Lowest rates from banks in the First Home Loan Deposit Scheme

The First Home Loan Deposit Scheme (FHLDS) is officially accepting applications, with 3,000 first home buyers already reserving a place as of 1 January, according to Domain data.

As of 10 January, 190 first home buyer applications have been pre-approved. They are mostly single buyers with a median income of around $68,000.

The FHLDS, which sees eligible first home buyers get home loan approval with deposits as little as 5 per cent, will be implemented by 27 Australian lenders.
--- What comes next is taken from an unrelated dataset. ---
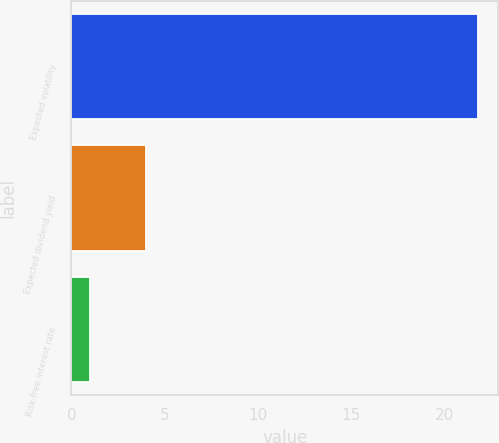<chart> <loc_0><loc_0><loc_500><loc_500><bar_chart><fcel>Expected volatility<fcel>Expected dividend yield<fcel>Risk-free interest rate<nl><fcel>21.8<fcel>4<fcel>1<nl></chart>

Read more about how the First Home Loan Deposit Scheme works.

What do the experts think?

Minister for Housing, Michael Sukkar, boasted that the scheme will make home ownership “a reality for more Australians”.

“This Scheme is a fantastic way of helping even more customers, allowing them to potentially save thousands of dollars on their mortgage,” he said.

Domain economist Trent Wiltshire warned that although the scheme will be helpful for some individual buyers, it was not a “silver bullet” to improve affordability.

“I think the scheme will put a little bit of upward pressure on prices at the lower to middle end,” he said.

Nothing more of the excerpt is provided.